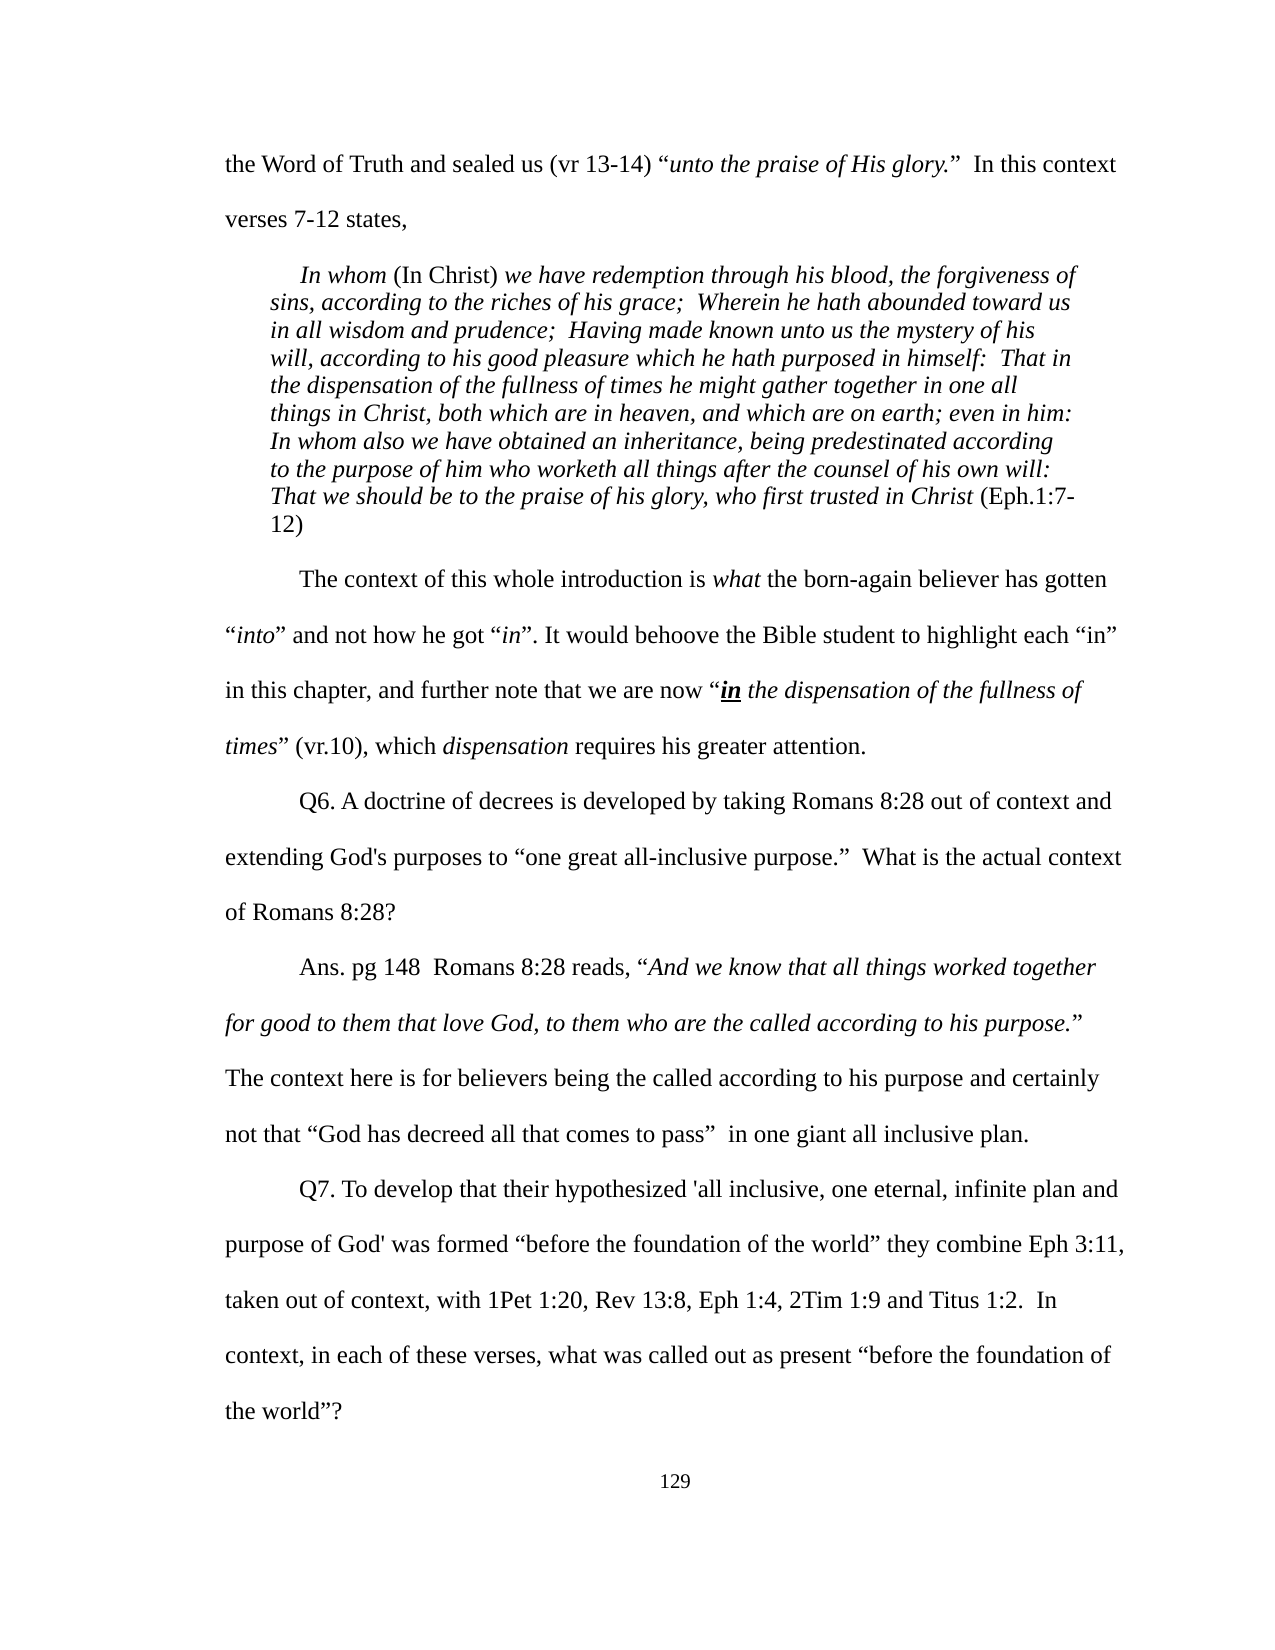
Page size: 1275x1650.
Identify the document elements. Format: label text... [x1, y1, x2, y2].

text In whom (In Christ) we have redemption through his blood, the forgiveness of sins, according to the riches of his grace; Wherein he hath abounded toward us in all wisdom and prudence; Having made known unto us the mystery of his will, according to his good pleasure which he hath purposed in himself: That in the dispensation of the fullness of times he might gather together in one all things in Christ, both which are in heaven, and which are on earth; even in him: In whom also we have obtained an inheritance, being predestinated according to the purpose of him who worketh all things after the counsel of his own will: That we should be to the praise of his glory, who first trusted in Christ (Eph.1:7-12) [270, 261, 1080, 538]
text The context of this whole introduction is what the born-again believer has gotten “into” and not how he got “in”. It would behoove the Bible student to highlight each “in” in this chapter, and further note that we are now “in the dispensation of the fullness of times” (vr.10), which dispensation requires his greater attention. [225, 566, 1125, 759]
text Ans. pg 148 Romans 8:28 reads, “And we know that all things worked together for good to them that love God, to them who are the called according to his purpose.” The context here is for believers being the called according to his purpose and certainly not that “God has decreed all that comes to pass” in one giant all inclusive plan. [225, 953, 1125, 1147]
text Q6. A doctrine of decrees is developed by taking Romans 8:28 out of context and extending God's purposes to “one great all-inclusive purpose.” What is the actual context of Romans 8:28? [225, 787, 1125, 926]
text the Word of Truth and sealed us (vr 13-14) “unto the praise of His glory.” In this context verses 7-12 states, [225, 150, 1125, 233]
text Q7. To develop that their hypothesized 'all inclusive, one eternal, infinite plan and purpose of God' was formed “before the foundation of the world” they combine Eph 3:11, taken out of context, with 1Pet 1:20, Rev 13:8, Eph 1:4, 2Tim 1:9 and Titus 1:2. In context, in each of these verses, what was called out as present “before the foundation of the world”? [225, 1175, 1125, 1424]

■ **The problem**:
Search the entries for "verses" and copy out each line that has it.

■ **Answer to this problem**:
text the Word of Truth and sealed us (vr 13-14) “unto the praise of His glory.” In this context verses 7-12 states, [225, 150, 1125, 233]
text Q7. To develop that their hypothesized 'all inclusive, one eternal, infinite plan and purpose of God' was formed “before the foundation of the world” they combine Eph 3:11, taken out of context, with 1Pet 1:20, Rev 13:8, Eph 1:4, 2Tim 1:9 and Titus 1:2. In context, in each of these verses, what was called out as present “before the foundation of the world”? [225, 1175, 1125, 1424]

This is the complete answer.